Location
- 28 Beach Lane, Portobello, Edinburgh, Scotland United Kingdom 55°57′19″N 3°06′45″W﻿ / ﻿55.9554°N 3.1125°W

Information
- Type: Nursery school; Montessori
- Established: 1929; 97 years ago
- Founder: Dame Harriet Findlay DBE
- Gender: Co-educational
- Age range: 2.5 – 5 years
- Enrolment: 40 children
- Website: portobellotoddlershut.org.uk

= Portobello Toddler Hut =

Preschool in Edinburgh, Scotland

Portobello Toddler Hut is an early pioneer nursery school in Portobello, Edinburgh, Scotland, founded in 1929. The school was officially opened on 14 November 1931 by Dame Harriet Findlay , on "an appallingly wet day".

== Overview ==
When opened it catered for 40 children from 2 to 5 years of age.

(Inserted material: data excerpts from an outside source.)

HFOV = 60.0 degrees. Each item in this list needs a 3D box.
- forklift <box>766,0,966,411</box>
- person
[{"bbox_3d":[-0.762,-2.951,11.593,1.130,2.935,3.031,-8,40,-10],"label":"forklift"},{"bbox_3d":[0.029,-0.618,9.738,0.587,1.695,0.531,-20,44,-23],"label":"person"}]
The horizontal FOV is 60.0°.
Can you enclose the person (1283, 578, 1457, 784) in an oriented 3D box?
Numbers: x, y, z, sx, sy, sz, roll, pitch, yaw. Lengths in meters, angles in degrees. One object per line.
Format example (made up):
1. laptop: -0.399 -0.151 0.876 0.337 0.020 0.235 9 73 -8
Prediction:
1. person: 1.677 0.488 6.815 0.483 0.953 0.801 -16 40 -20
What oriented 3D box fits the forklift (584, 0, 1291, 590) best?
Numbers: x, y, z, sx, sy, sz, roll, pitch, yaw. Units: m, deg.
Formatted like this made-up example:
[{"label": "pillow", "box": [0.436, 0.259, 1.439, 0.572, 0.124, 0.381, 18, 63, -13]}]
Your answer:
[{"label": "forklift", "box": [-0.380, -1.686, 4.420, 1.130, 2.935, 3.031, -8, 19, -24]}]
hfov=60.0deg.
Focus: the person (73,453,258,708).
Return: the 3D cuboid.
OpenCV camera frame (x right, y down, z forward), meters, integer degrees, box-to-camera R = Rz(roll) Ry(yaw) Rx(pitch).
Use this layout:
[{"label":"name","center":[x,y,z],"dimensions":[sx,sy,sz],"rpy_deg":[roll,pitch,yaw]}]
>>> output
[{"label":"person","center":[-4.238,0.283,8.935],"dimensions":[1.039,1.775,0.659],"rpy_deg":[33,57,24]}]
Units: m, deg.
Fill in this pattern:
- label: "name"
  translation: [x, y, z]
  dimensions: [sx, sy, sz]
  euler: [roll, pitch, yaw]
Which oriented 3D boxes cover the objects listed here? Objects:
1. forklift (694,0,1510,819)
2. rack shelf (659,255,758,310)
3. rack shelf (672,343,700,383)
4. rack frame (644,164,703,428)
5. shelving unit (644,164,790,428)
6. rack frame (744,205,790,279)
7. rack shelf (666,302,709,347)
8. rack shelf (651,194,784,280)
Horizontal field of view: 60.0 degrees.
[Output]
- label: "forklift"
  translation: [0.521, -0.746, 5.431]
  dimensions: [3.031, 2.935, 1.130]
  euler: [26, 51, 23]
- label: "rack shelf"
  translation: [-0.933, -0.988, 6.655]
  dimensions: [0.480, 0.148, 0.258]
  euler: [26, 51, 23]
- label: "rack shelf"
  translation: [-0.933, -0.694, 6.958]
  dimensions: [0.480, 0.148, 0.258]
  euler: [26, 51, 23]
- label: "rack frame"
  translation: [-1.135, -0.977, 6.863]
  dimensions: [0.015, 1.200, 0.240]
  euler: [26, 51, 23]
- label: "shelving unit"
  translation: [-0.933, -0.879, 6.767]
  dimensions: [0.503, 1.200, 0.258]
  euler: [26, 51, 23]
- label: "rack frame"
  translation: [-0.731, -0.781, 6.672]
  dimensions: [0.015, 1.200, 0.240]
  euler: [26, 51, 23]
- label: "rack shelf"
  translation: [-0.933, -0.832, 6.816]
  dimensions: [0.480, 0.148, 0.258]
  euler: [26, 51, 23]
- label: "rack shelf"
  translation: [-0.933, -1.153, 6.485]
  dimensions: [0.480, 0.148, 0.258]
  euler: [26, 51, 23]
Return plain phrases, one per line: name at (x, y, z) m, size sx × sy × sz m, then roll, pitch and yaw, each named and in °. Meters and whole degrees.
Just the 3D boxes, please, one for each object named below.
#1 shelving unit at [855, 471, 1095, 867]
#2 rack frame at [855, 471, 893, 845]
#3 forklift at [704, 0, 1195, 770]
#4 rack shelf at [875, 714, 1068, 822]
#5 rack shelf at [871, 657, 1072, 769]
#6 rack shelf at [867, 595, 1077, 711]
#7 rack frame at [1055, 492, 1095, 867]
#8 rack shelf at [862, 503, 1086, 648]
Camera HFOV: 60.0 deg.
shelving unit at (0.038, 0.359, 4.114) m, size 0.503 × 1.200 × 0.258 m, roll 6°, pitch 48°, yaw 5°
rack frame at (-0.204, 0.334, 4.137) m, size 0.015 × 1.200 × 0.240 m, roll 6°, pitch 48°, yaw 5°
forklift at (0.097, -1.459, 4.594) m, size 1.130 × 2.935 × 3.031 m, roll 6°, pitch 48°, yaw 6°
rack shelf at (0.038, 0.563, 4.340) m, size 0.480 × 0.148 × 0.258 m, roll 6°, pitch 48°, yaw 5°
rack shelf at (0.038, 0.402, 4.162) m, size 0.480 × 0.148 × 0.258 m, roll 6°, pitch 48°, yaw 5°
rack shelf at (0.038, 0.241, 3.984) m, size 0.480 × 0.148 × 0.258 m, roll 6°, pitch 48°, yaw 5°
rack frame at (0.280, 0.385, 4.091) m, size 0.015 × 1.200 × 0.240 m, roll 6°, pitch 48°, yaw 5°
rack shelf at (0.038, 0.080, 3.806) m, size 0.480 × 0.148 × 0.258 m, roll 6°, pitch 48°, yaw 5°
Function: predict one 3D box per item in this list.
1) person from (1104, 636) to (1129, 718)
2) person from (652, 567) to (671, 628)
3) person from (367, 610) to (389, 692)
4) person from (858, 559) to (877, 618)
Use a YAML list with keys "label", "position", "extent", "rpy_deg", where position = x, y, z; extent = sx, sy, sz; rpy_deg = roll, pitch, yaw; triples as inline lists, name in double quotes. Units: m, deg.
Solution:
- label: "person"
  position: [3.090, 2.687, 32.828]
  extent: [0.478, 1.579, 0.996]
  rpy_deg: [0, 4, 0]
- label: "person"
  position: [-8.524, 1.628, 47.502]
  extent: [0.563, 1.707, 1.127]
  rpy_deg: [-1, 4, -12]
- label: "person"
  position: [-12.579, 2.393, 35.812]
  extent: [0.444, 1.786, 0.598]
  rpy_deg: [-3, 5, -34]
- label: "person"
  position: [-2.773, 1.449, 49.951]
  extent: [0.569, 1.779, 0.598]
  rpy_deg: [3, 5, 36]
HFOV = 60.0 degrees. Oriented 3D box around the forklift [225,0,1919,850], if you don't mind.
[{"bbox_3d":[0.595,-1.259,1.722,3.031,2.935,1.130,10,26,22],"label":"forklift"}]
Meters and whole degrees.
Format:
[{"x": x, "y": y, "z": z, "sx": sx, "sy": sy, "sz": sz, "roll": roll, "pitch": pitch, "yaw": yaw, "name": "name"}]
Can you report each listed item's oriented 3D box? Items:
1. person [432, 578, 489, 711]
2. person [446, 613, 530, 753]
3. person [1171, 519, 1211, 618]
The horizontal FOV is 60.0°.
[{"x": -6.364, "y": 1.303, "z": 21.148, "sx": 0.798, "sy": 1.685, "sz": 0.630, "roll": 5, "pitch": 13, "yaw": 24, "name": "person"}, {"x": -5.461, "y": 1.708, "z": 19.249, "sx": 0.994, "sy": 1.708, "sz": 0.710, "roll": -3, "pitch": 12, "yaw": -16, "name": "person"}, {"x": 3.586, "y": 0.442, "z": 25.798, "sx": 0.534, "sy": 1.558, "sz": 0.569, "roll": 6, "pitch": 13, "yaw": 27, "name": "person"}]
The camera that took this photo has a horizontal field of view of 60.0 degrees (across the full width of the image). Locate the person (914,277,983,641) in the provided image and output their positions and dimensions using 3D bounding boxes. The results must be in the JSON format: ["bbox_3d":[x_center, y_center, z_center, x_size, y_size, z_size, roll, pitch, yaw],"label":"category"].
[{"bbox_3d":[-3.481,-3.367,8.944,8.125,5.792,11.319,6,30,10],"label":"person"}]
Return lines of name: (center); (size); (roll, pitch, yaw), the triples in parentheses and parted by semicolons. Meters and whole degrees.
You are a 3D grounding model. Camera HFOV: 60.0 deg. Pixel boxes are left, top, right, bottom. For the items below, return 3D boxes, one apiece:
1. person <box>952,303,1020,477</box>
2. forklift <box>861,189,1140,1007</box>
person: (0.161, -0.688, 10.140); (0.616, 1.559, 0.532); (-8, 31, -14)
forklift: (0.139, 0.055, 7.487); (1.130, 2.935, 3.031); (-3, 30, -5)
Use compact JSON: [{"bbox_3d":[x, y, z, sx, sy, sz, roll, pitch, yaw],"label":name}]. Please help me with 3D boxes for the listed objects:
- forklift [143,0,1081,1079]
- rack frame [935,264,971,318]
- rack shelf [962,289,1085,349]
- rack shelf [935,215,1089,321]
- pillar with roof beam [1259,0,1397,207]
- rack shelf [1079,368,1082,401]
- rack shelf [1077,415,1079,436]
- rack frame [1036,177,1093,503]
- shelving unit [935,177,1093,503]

Starting at 10am, the older children returned home at midday and the younger ones stayed and had a meal and an afternoon sleep. It was run by a committee of ladies on a voluntary basis. The Education Committee of Edinburgh gave a grant to cover about a third of the costs, with the remaining money subscribed "so that bread-winning mothers may be relieved of the care of their children during the busy part of the day". Montessori methods were used to prepare the toddlers for more formal education. As well as a nursery, the Hut was used for many years as a shelter for children lost on the beach during the summer holidays.

The Toddler Hut is operates from Beach Lane, Portobello, and is the oldest community run, self funded childcare facility in the United Kingdom. In 2012, plans were announced to expand the nursery school and replace ageing facilities. During the COVID-19 pandemic, a fundraising campaign enabled the Hut to remain open.